Figure 8a presents a comparison of the cladding temperature at a height of 950 mm, both experimentally and from the simulation. The simulation shows an acceptable fit during the time interval of 0–9800 s; however, during the quenching process, the code predicts an accelerated cooling compared to the experimental data. This is attributed to the fact that the code still considers film boiling throughout this process, since the wall temperature is well above the minimum wall temperature. It is understandable that empirical models for simulating two-phase flow are closely linked to experiments and validation ranges, so it is expected that the simulation under these conditions will have some discrepancies.

Figure 8b shows the temperature comparison behavior at a height of 850 mm.
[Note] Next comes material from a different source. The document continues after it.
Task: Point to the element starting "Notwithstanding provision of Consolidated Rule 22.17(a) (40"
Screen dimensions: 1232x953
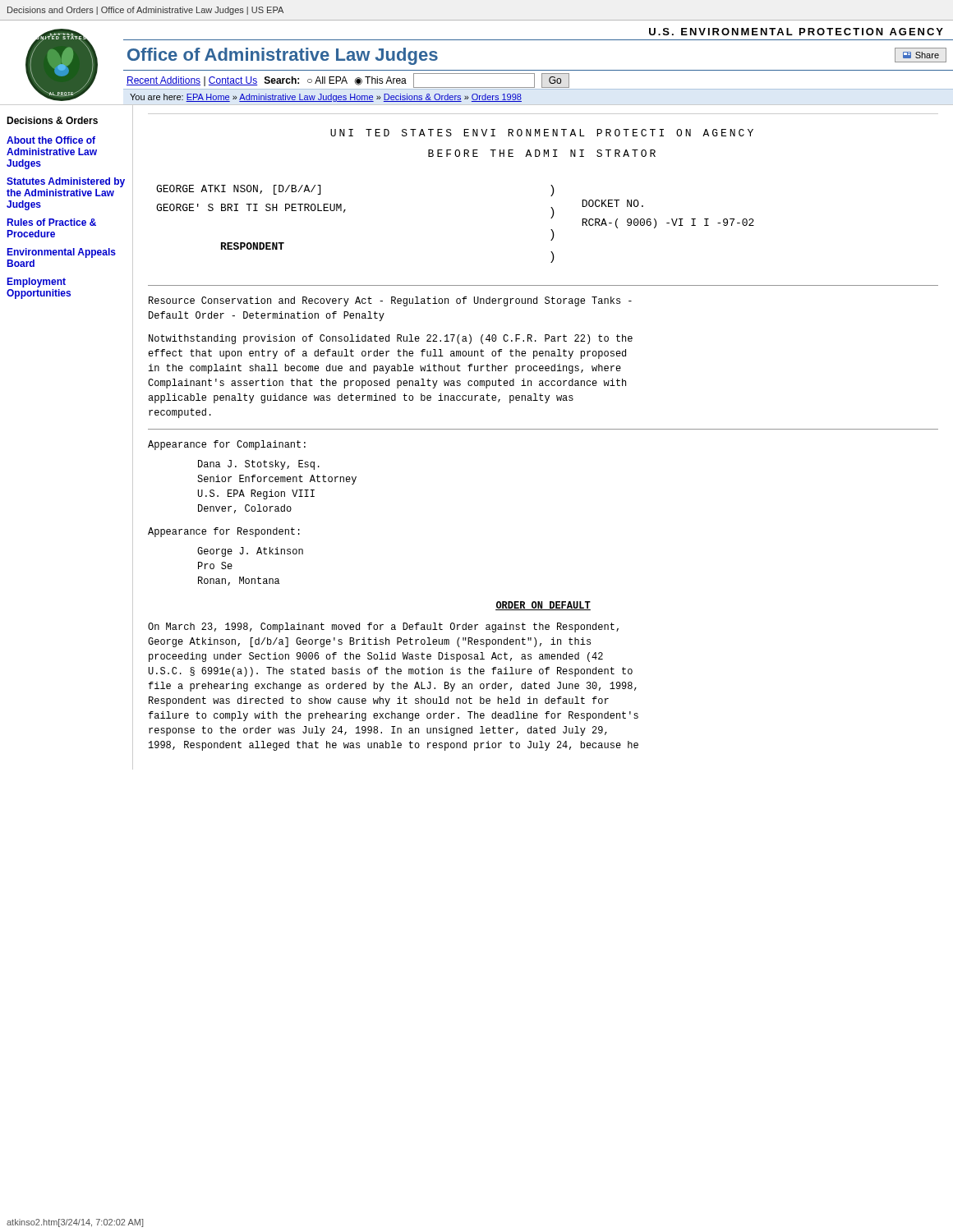Action: coord(390,376)
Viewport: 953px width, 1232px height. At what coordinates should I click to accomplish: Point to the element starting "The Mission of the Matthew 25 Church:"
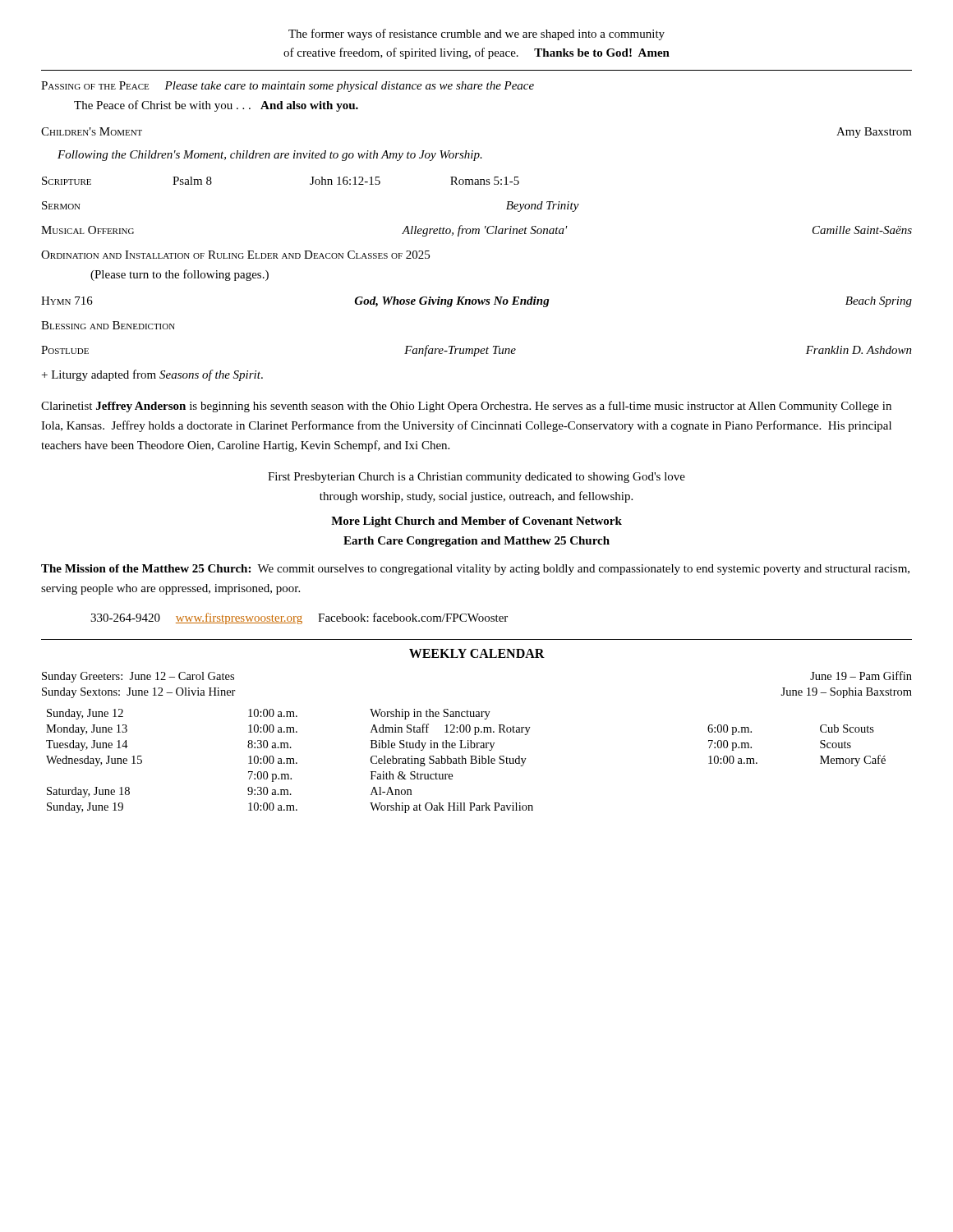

This figure shows that the code responds to the experimentally predicted trend, which strengthens the implemented model. There is an overestimation of the temperature during the simulation, with a relative error of approximately 5% with respect to the experimental data. Likewise, Figure 8c shows the temperature comparison at a height of 750 mm, exhibiting behavior similar to Figure 8a,b. However, in this figure, the temperature behavior exhibits a trend that is more faithful to the experimental data.

Hydrogen generation is an important factor in these experiments, which became relevant after the Fukushima Dai-ichi accident, since the generated hydrogen—and its subsequent detonation—was responsible for the release of radioactive material into the environment. In this sense, the code predicted favorable results. In Figure 9a, the generation rate fits acceptably with the generation predicted by the experiment; only at the time of the quenching process, the generation peak could not be correctly reproduced, since this event only occurs for a few seconds. The code showed good results in this regard throughout the simulation. The integral of hydrogen generated is shown in Figure 9b, giving results similar to those established in the experiment, where the code predicts 37.8 g, while the simulation reported a value of 38.0 g at the end of the experiment, being a difference of only 0.2 g (0.52% relative error), quite acceptable for this type of experiments given the complexity of the phenomena.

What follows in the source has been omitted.